The other aspect ignored is the actual needs. In aerospace engineering, deficiencies in CAD tools are irrelevant. If a tool does not have "select all", someone will be employed to click on all elements. LabVIEW is a pain, but solves actual needs. Bioinformatics is a mess (this is one field to look into, they really love the insight, but one needs a degree in medical or related field + CS) but pharma is big money, so throwing more manpower is still an option. Gamedev also sees abundance of labor - starry eyed kids, willing to work 90-hour weeks - they are cheaper than retraining top-of-the-line experts, whose time is valuable and expensive.

Article ignores the reality of business - in most industries, automation of certain tasks is too expensive. General IT, with falling profit margins need to minimize expenses on custom development and infrastructure. Minimizing labor makes sense. But elsewhere, just throwing more people at it works. Automation is only introduced when required or when the field becomes a commodity. This is why so much manufacturing is still done by people - they are simply cheaper. Agile does not necessarily mean machine automation.
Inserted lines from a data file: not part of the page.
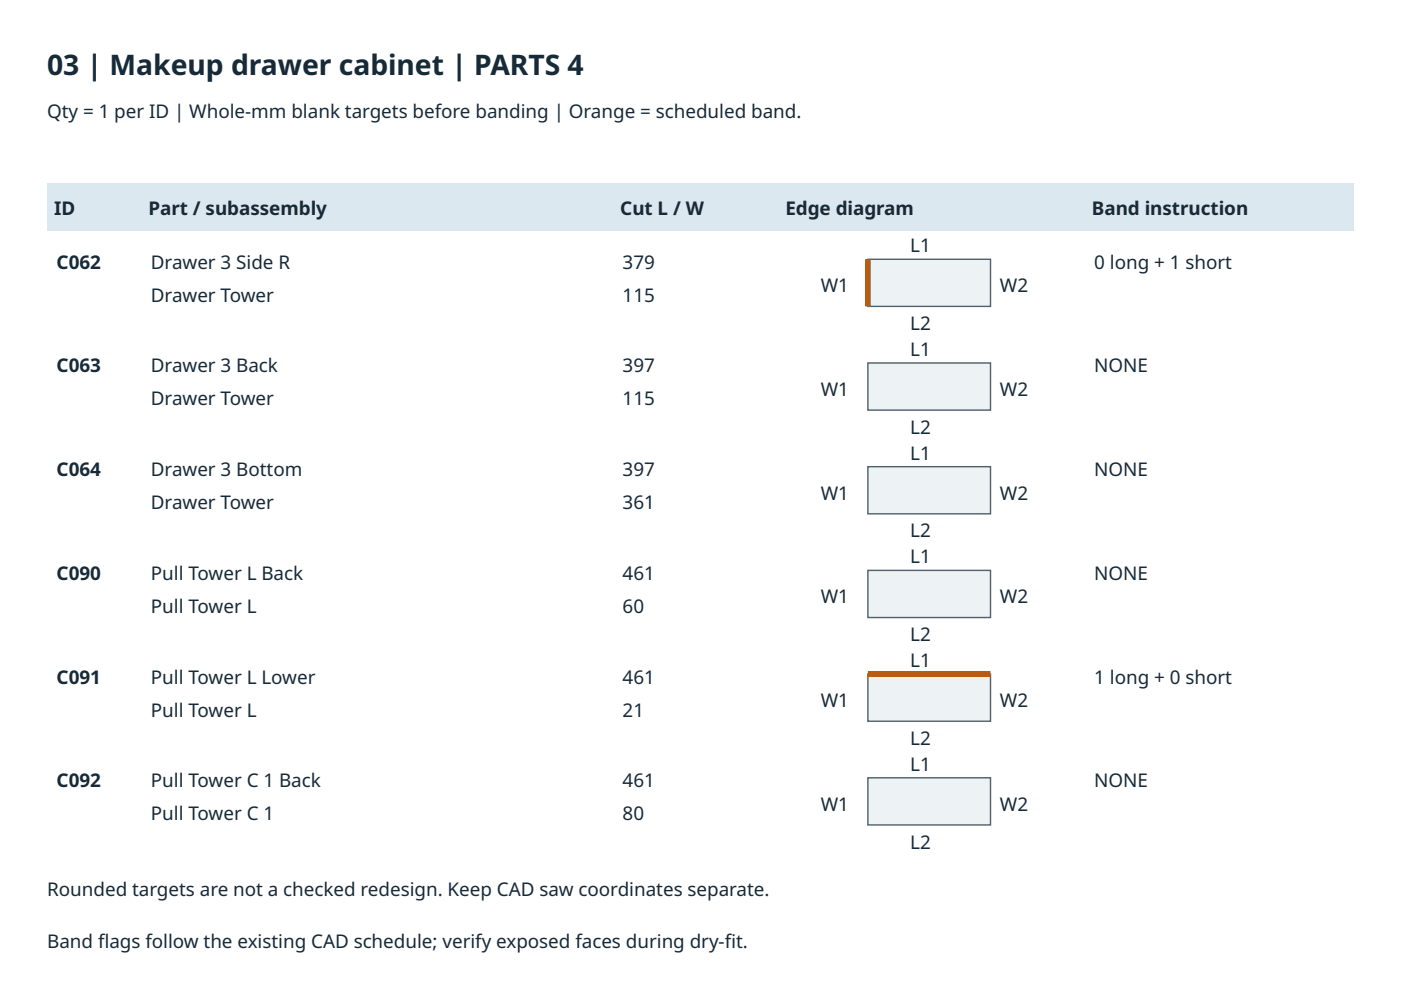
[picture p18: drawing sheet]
<svg xmlns="http://www.w3.org/2000/svg" width="297mm" height="210mm" viewBox="0 0 297 210" stroke-linecap="round" stroke-linejoin="round" font-family="sans-serif">
<defs><g id="words">
<text font-size="6" fill="#172a38" x="10" y="16">03 | Makeup drawer cabinet | PARTS 4</text>
<g font-size="4" fill="#172a38">
<text x="10" y="25">Qty = 1 per ID | Whole-mm blank targets before banding | Orange = scheduled band.</text>
<text x="11.5" y="45.7">ID</text>
<text x="31.5" y="45.7">Part / subassembly</text>
<text x="131.5" y="45.7">Cut L / W</text>
<text x="166.5" y="45.7">Edge diagram</text>
<text x="231.5" y="45.7">Band instruction</text>
<text x="193" y="53.5">L1</text>
<text x="12" y="57">C062</text>
<text x="32" y="57">Drawer 3 Side R</text>
<text x="132" y="57">379</text>
<text x="232" y="57">0 long + 1 short</text>
<text x="32" y="64">Drawer Tower</text>
<text x="132" y="64">115</text>
<text x="174" y="62">W1</text>
<text x="212" y="62">W2</text>
<text x="193" y="70">L2</text>
<text x="193" y="75.5">L1</text>
<text x="12" y="79">C063</text>
<text x="32" y="79">Drawer 3 Back</text>
<text x="132" y="79">397</text>
<text x="174" y="84">W1</text>
<text x="212" y="84">W2</text>
<text x="232" y="79">NONE</text>
<text x="32" y="86">Drawer Tower</text>
<text x="132" y="86">115</text>
<text x="193" y="92">L2</text>
<text x="12" y="100.9">C064</text>
<text x="32" y="100.9">Drawer 3 Bottom</text>
<text x="132" y="100.9">397</text>
<text x="193" y="97.4">L1</text>
<text x="232" y="100.9">NONE</text>
<text x="32" y="107.9">Drawer Tower</text>
<text x="132" y="107.9">361</text>
<text x="174" y="105.9">W1</text>
<text x="212" y="105.9">W2</text>
<text x="193" y="113.9">L2</text>
<text x="193" y="119.4">L1</text>
<text x="12" y="122.9">C090</text>
<text x="32" y="122.9">Pull Tower L Back</text>
<text x="132" y="122.9">461</text>
<text x="232" y="122.9">NONE</text>
<text x="32" y="129.9">Pull Tower L</text>
<text x="132" y="129.9">60</text>
<text x="174" y="127.9">W1</text>
<text x="212" y="127.9">W2</text>
<text x="193" y="135.9">L2</text>
<text x="193" y="141.4">L1</text>
<text x="12" y="144.9">C091</text>
<text x="32" y="144.9">Pull Tower L Lower</text>
<text x="132" y="144.9">461</text>
<text x="174" y="149.9">W1</text>
<text x="212" y="149.9">W2</text>
<text x="232" y="144.9">1 long + 0 short</text>
<text x="32" y="151.9">Pull Tower L</text>
<text x="132" y="151.9">21</text>
<text x="193" y="157.9">L2</text>
<text x="12" y="166.9">C092</text>
<text x="32" y="166.9">Pull Tower C 1 Back</text>
<text x="132" y="166.9">461</text>
<text x="193" y="163.4">L1</text>
<text x="232" y="166.9">NONE</text>
<text x="32" y="173.9">Pull Tower C 1</text>
<text x="132" y="173.9">80</text>
<text x="174" y="171.9">W1</text>
<text x="212" y="171.9">W2</text>
<text x="193" y="179.9">L2</text>
<text x="10" y="189.9">Rounded targets are not a checked redesign. Keep CAD saw coordinates separate.</text>
<text x="10" y="200.9">Band fags follow the existing CAD schedule; verify exposed faces during dry-ft.</text>
<text x="20.8" y="200.9">l</text>
<text x="153.6" y="200.9">i</text>
</g>
</g></defs>
<path d="M10 39h277v10h-277z" fill="#dce8ef"/>
<path d="M184 55h26v10h-26z" fill="#edf2f5"/>
<path d="M184 55h26v10h-26z" fill="none" stroke="#52606b" stroke-width=".3"/>
<path d="M184 55v10z" fill="#000" stroke="#b8590e" stroke-width="1.2" stroke-linecap="butt"/>
<path d="M184 77h26v10h-26z" fill="#edf2f5"/>
<path d="M184 77h26v10h-26z" fill="none" stroke="#52606b" stroke-width=".3"/>
<path d="M184 98.9h26v10h-26z" fill="#edf2f5"/>
<path d="M184 98.9h26v10h-26z" fill="none" stroke="#52606b" stroke-width=".3"/>
<path d="M184 120.9h26v10h-26z" fill="#edf2f5"/>
<path d="M184 120.9h26v10h-26z" fill="none" stroke="#52606b" stroke-width=".3"/>
<path d="M184 142.9h26v10h-26z" fill="#edf2f5"/>
<path d="M184 142.9h26v10h-26z" fill="none" stroke="#52606b" stroke-width=".3"/>
<path d="M184 142.9h26z" fill="#000" stroke="#b8590e" stroke-width="1.2" stroke-linecap="butt"/>
<path d="M184 164.9h26v10h-26z" fill="#edf2f5"/>
<path d="M184 164.9h26v10h-26z" fill="none" stroke="#52606b" stroke-width=".3"/>
<use href="#words"/>
</svg>

Very few still have time to try to figure out the precise definition of the word "Agile" because ever since they adopted "agile" practices, software development is a solved problem.
Forgot to mention this in my previous post: http://blog.ccpgames.com/alli/files/2010/08/Ottarsson_GlobalAgileGameDevelopmentNoPassportRequired.pdf

GDC presentation from CPP (Eve Online) who use Agile on a global scale.

Steven Yau
[Blog] [Portfolio]

The major issue we have in game development are the deadlines. We can't think how we are going to code and design it, because we need to get it done fast.
In the company I work we do both, software and games. And both department are very different on that matter. Software side have more time and money, for simpler applications. The game side, there is the publisher on one side that want the game out for that period of time and the funding on the other side that is too low.

If we fix that basic fundamental issue, then maybe game developers will have more time to unit test and all that stuff.